▶ Task description
Return every line below in which "units" appears.

[Extracted data entries]
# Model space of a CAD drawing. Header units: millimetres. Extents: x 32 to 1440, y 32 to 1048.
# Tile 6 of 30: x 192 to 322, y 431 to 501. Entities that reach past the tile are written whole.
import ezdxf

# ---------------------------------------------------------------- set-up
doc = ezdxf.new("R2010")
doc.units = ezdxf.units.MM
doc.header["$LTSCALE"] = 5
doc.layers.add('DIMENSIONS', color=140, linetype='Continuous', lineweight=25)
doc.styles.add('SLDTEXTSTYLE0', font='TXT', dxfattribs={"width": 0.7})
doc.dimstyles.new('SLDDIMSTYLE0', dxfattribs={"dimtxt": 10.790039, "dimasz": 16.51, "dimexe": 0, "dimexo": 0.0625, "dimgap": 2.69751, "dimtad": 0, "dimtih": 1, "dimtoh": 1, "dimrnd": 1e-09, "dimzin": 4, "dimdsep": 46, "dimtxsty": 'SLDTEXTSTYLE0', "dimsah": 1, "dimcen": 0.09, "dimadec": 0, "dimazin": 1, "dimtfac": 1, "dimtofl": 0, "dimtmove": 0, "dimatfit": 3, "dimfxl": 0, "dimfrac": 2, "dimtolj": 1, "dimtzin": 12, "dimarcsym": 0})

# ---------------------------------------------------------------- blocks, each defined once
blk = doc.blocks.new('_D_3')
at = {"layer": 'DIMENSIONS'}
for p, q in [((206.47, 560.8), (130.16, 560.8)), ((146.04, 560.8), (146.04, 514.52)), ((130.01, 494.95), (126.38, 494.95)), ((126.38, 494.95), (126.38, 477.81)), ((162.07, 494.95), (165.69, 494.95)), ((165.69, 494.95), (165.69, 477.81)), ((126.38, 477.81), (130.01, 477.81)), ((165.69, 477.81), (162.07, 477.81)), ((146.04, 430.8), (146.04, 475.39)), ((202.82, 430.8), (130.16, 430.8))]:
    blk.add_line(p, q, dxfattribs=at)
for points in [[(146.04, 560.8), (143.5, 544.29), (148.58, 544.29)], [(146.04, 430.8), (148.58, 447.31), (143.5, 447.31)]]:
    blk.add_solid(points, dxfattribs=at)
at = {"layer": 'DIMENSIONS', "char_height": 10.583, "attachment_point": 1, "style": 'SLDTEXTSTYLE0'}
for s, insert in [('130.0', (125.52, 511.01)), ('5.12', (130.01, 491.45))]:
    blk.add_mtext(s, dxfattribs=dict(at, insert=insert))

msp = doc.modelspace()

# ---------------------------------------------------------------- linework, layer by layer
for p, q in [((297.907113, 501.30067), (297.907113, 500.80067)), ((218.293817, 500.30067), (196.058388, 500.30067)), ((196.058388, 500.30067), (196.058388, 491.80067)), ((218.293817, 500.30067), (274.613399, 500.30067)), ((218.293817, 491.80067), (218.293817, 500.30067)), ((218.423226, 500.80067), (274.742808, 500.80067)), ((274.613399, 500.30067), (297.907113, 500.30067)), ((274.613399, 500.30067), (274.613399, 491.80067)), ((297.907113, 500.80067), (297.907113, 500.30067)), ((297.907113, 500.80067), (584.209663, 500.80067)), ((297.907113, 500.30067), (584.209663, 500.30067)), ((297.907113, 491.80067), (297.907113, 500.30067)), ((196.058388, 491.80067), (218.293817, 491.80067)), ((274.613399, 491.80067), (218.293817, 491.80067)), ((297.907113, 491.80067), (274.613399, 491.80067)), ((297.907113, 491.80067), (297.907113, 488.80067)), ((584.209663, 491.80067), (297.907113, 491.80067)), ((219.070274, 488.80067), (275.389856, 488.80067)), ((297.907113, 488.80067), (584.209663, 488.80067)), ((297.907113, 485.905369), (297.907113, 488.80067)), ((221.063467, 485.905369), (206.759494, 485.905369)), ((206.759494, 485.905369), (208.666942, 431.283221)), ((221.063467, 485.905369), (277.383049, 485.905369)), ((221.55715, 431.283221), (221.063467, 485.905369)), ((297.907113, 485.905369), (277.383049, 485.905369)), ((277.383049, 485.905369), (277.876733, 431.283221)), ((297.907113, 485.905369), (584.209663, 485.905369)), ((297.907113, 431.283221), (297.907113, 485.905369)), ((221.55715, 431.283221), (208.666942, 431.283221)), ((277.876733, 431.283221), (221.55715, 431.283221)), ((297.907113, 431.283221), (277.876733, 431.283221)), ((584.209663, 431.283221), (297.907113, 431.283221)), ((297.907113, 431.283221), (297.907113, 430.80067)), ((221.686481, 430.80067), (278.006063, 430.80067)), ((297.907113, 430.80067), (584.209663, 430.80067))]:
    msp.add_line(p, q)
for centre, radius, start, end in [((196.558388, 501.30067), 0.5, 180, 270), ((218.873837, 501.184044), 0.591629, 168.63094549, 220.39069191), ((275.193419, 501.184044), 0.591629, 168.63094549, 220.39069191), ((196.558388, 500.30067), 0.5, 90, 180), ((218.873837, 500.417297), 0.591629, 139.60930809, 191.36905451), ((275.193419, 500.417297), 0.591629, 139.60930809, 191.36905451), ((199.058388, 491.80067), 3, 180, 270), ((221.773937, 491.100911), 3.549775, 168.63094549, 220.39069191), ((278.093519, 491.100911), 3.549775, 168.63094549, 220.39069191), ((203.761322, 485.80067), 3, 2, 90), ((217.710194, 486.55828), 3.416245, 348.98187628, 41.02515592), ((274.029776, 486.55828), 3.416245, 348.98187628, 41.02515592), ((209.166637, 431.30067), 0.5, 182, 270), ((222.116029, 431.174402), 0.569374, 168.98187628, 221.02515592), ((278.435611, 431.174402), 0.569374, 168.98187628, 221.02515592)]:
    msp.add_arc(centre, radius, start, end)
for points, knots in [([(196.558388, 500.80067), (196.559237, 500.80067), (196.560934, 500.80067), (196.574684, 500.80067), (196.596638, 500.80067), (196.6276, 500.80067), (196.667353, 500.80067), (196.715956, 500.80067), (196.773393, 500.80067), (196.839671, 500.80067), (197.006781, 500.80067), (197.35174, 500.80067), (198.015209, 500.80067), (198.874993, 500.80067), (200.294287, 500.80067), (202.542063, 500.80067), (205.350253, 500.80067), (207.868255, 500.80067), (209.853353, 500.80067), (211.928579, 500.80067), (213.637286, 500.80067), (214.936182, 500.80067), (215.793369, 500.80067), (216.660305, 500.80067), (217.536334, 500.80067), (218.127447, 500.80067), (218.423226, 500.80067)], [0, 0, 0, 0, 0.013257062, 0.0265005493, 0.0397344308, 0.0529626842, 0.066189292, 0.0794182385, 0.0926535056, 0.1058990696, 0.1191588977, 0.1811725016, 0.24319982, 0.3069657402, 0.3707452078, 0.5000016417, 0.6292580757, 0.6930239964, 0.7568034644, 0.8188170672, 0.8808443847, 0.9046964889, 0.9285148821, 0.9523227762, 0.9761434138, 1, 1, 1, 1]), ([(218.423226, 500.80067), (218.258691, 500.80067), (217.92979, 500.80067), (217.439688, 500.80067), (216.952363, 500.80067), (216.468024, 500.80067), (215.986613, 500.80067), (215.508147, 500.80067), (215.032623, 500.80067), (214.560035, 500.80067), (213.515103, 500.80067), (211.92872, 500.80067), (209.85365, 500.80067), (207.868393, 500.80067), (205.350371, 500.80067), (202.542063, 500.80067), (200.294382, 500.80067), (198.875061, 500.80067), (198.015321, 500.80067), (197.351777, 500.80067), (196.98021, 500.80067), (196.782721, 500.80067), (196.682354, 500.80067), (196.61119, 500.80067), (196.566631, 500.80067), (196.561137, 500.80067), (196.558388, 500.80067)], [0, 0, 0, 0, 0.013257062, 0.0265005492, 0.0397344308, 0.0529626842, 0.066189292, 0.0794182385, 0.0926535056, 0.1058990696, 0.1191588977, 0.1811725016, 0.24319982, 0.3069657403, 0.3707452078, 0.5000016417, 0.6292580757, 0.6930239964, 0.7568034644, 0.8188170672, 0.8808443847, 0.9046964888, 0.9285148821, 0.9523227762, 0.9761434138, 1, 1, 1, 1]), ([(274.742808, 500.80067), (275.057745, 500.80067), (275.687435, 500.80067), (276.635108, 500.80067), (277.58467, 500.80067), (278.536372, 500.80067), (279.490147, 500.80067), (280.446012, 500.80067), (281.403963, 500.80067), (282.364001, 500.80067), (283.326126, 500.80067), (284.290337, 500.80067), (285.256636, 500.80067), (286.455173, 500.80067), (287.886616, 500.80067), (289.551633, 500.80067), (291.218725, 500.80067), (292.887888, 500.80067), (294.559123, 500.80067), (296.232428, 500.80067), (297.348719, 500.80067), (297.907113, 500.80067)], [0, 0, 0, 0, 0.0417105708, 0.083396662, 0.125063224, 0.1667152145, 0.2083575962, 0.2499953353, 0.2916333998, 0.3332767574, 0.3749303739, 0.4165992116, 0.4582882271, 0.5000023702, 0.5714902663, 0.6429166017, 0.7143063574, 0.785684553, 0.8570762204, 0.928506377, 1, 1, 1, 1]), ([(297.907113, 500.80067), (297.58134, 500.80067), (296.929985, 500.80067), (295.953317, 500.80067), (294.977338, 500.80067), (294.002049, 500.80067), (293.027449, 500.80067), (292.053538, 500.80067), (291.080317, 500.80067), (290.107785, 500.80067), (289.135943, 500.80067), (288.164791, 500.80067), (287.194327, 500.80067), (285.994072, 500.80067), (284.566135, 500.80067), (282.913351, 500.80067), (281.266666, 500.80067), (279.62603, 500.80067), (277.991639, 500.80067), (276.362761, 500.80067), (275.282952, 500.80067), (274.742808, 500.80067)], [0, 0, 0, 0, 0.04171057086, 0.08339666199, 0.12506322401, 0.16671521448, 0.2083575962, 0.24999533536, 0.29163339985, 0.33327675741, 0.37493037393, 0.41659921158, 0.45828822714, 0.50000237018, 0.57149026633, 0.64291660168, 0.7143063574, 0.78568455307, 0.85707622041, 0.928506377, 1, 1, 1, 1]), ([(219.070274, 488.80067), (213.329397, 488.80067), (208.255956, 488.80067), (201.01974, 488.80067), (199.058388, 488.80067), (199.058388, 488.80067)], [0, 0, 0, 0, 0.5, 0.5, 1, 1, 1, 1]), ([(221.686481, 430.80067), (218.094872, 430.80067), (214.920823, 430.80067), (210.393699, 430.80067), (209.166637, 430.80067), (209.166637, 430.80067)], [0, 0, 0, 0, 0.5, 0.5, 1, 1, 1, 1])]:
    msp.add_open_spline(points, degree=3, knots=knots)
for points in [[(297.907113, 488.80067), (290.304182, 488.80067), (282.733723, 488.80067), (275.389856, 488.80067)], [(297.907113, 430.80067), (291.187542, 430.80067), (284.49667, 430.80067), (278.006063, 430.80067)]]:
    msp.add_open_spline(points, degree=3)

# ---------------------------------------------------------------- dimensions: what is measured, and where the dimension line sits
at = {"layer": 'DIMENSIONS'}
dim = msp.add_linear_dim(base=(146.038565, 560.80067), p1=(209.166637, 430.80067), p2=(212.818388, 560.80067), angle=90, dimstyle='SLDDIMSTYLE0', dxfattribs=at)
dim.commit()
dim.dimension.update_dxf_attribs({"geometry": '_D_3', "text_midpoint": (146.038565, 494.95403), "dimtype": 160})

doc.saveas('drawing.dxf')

▶ Answer to this task
# Model space of a CAD drawing. Header units: millimetres. Extents: x 32 to 1440, y 32 to 1048.
doc.units = ezdxf.units.MM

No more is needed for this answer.